Since Cursor launched their Composer Agent “Yolo” mode there’s been a lot of excitement about fully AI-driven development, where developers sketch out the intent and the agent generates the code. It’s interesting stuff, and I get why people are excited.
But what’s becoming increasingly clear to me is that modern engineering best practices aren’t just nice to have in this world – they’re absolutely essential.
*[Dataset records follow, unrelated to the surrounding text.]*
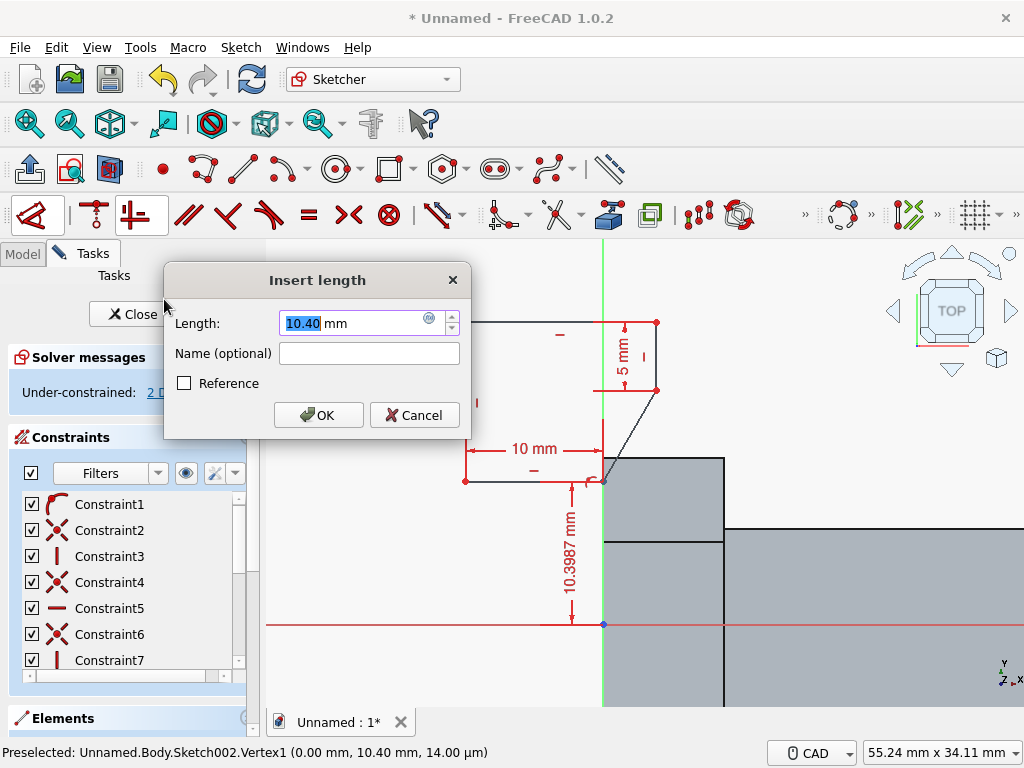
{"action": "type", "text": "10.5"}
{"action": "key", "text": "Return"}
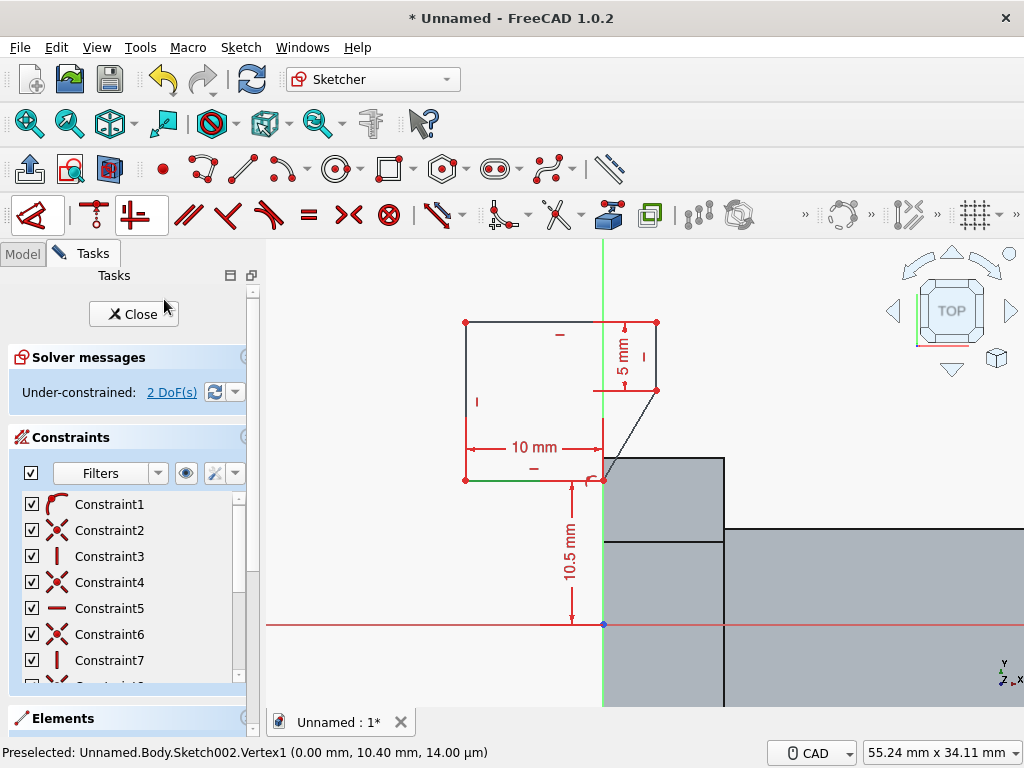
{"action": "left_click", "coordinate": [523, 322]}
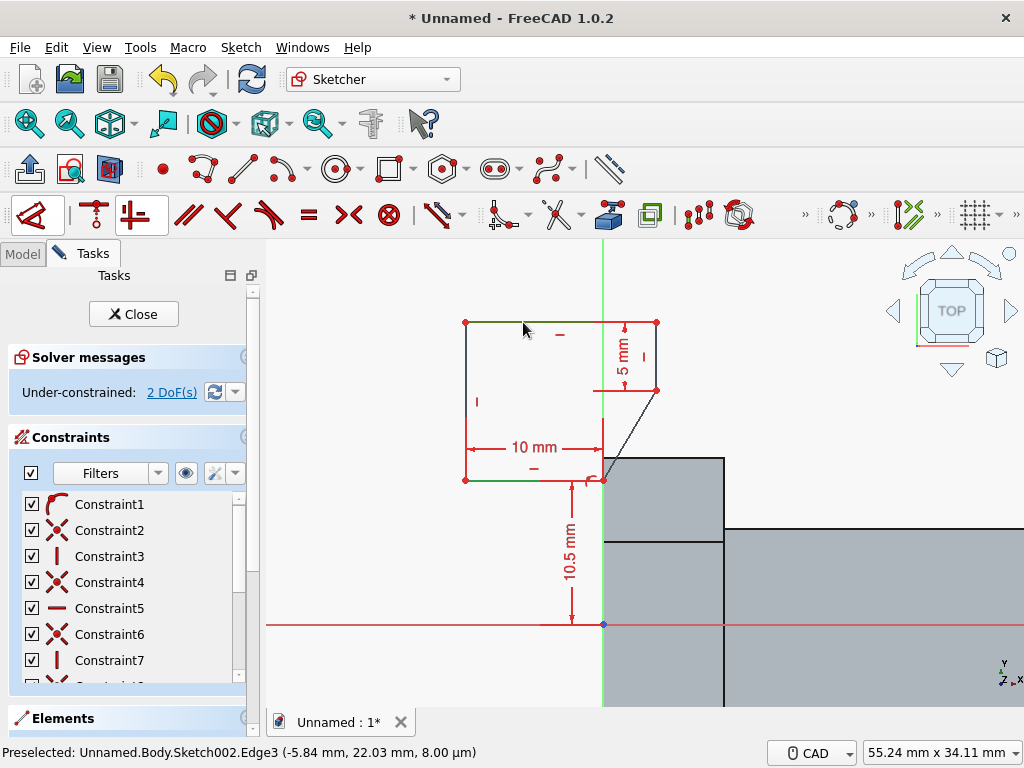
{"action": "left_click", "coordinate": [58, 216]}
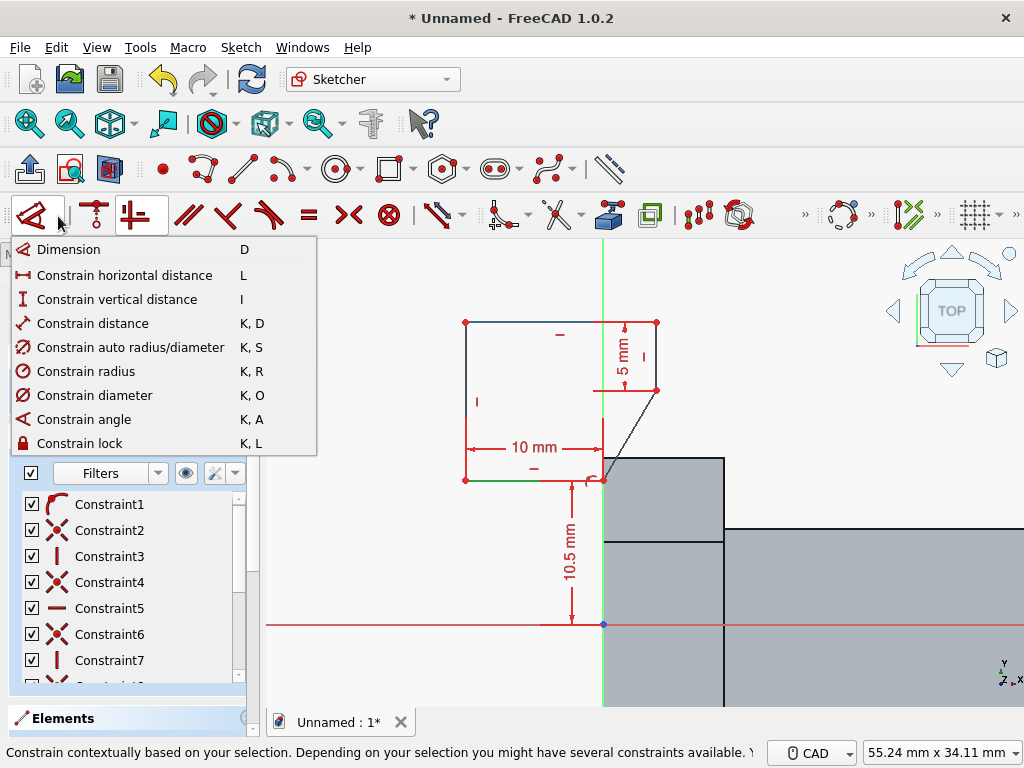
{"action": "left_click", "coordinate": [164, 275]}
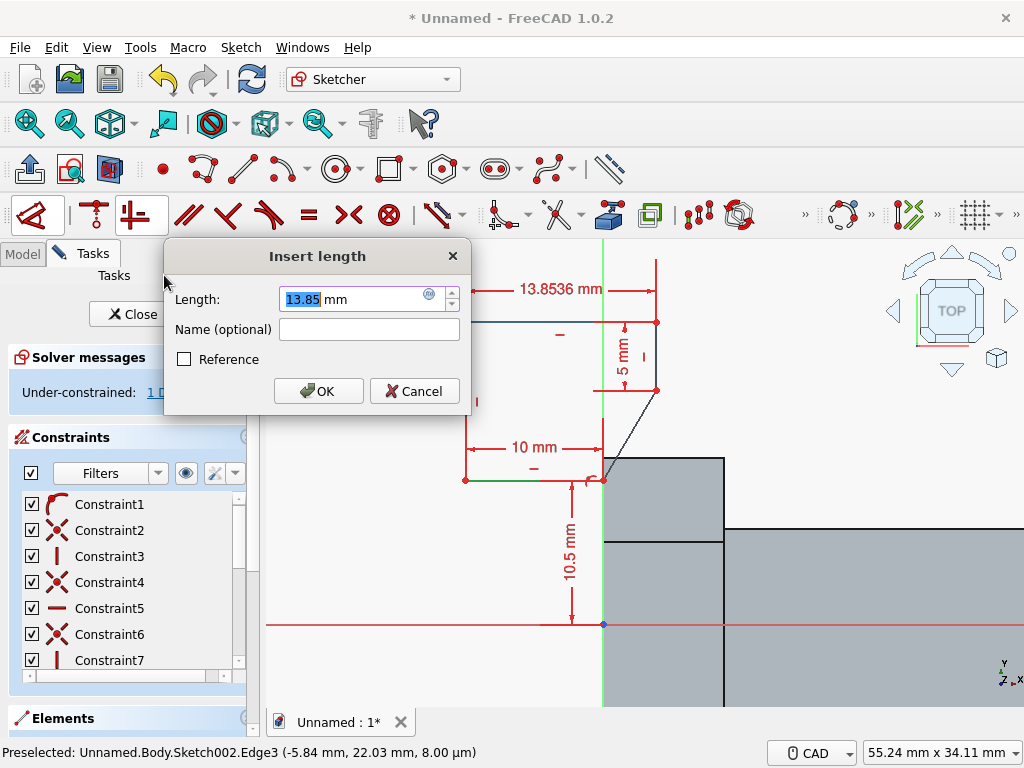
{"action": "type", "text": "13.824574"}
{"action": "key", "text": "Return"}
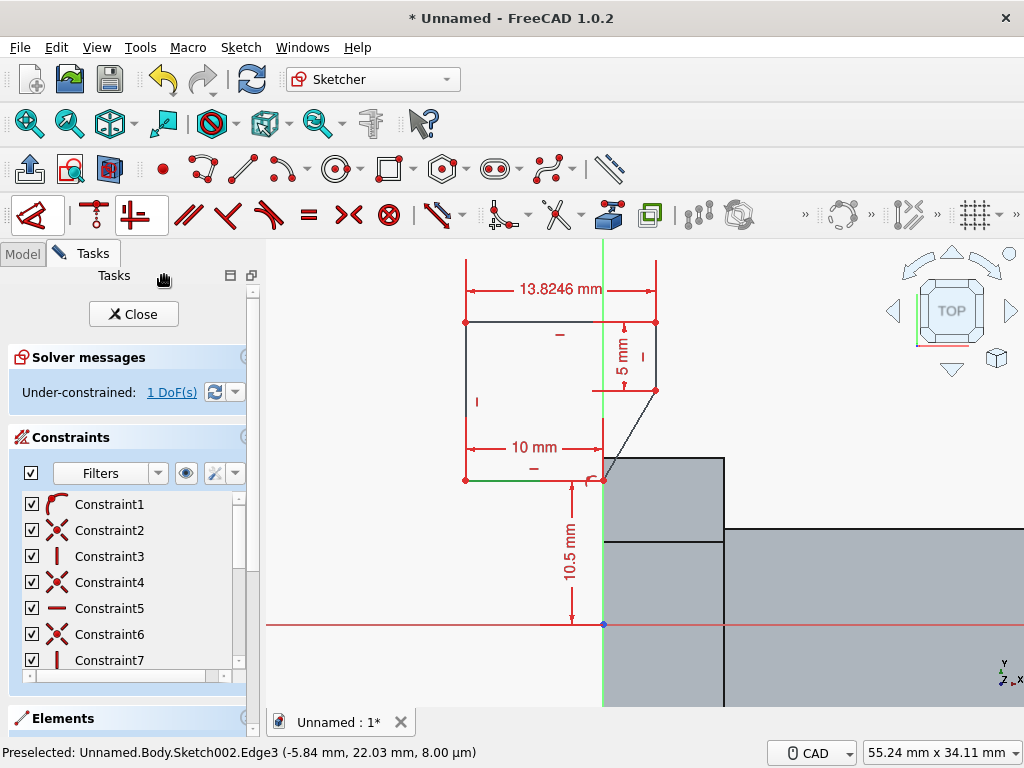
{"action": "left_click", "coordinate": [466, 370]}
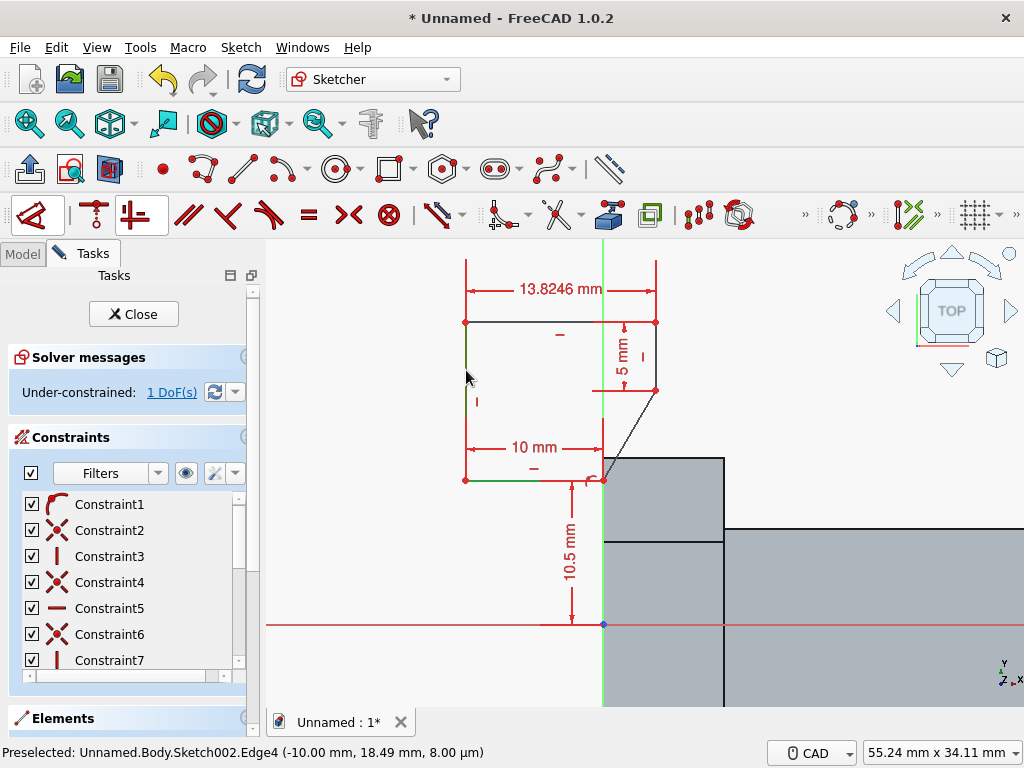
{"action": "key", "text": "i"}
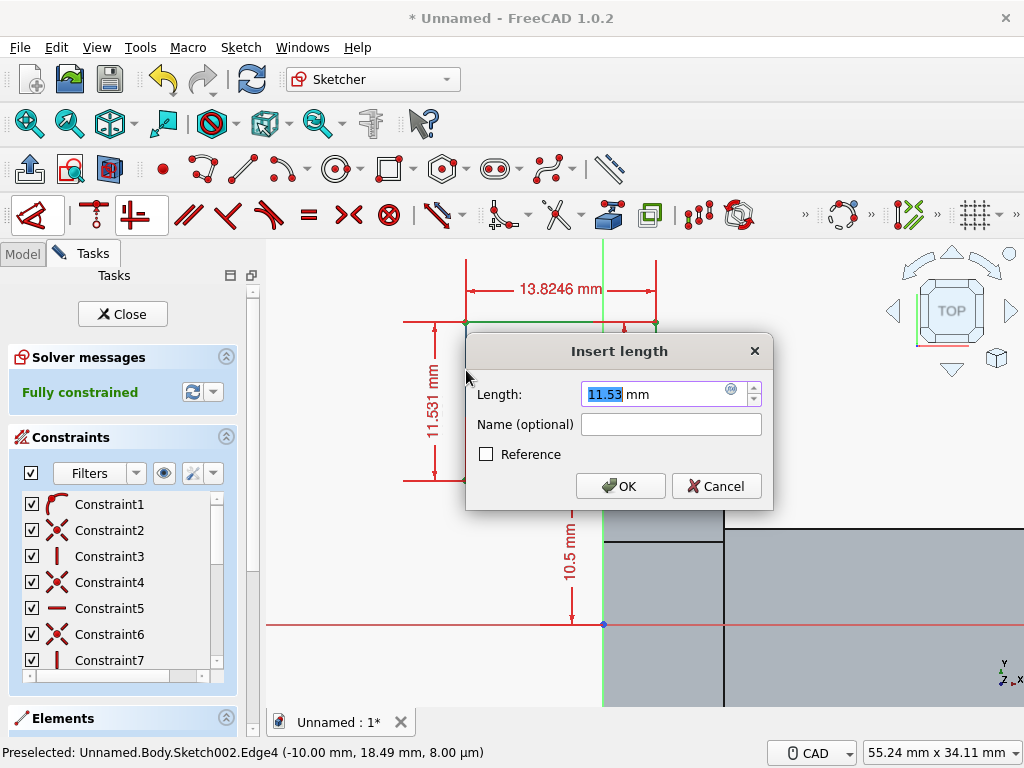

Without them, you’re basically handing the GenAI a loaded gun and pointing it at your own foot.
For one thing, if this is the case, the value of people with my type of skills and experience have just shot up significantly, which is why I keep coming back to this Kent Beck tweet from a couple of years ago:

Why good engineering practices matter more than ever
I see a lot of guides and people comparing using GenAI in software development to a pairing with a junior developer, but that’s the wrong analogy.
It’s much more like a toddler.
Just like a young child, GenAI has no real-world context. It grabs random things, unexpectedly veers off in bizarre directions, and insists it’s right even when it’s covered in spaghetti. It’ll confidently hand you a “masterpiece” that’s just glue and glitter stuck to your phone. Anyone who’s had young children will know this very well – you can’t leave them alone for a second.
GenAI can produce plausible-looking code at incredible speed, but it will happily generate code that’s subtly, or spectacularly, wrong.
Without good practices and strong guardrails around it all, you’re not accelerating delivery – you’re accelerating chaos.
The engineering practices that matter
None of these are new. They’re well-established, widely recognised best practices for building and maintaining software. They’ve always mattered – but now they’re essential. If you’re not in good shape on these fronts, I’d strongly suggest staying away from AI-driven development until you are. Otherwise, you’re putting your foot down on a trip to disaster.
- Clear requirements and expected outcomes – Knowing what you’re building and why, with clear, well understood, outcome-based requirements and definitions of success.
- Clean, consistent, loosely coupled code – Code that’s easy to understand, maintain, and extend, with clear separation of concerns, high cohesion and minimal unnecessary dependencies.
- High and effective automated testing – Unit tests, integration tests, E2E tests all running as part of your deployment pipeline.
- Frequent code check-ins – Regularly checking in code, keeping branches short-lived.
- Continuous Delivery – highly automated build and deployment. Releasing frequently (not every 2 weeks)
- Static analysis – Automated checks for code quality, vulnerabilities, and other issues, baked into your pipelines.
- Effective logging and monitoring – Clear visibility into what’s happening in in all environments, so issues can be identified and understood quickly.
- Infrastructure as code – Consistent, repeatable infrastructure and environments, easy to maintain and keep secure.
- Effective documentation – Lightweight, useful documentation that explains why something was done, not just what was done.
Most common but not common
I’ve long opined that whilst these are the most well established and common best practices, they are still far from common. Only a relatively small proportion of organisations and teams actually follow them well, and the amount of people in the industry with the skills is still comparatively small.
The reality is, most of the industry is still stuck in bad practices – messy code, limited automated testing, poor automation and visibility, and a general lack of solid engineering discipline.
If those teams want to lean heavily into GenAI, they’ll need to seriously improve their fundamentals first. For many, that’s a long, difficult journey – one I suspect most won’t take.
While already high-performing teams will likely see some benefit, I predict most of the rest will charge in headfirst, blow up their systems, and create plenty of work for consultants to come in to clean up the mess.
Final Thought
GenAI isn’t a shortcut past the hard work of good engineering – it shines a spotlight on why the established good practices were already so important. The teams who’ve already invested in strong engineering discipline will be the ones who may see real value from AI-assisted development.
For everyone else, GenAI won’t fix your problems – it’ll amplify them.
Whether it leads to acceleration or chaos depends entirely on how strong your foundations are.
If you’re serious about using GenAI well, start by getting your engineering house in order.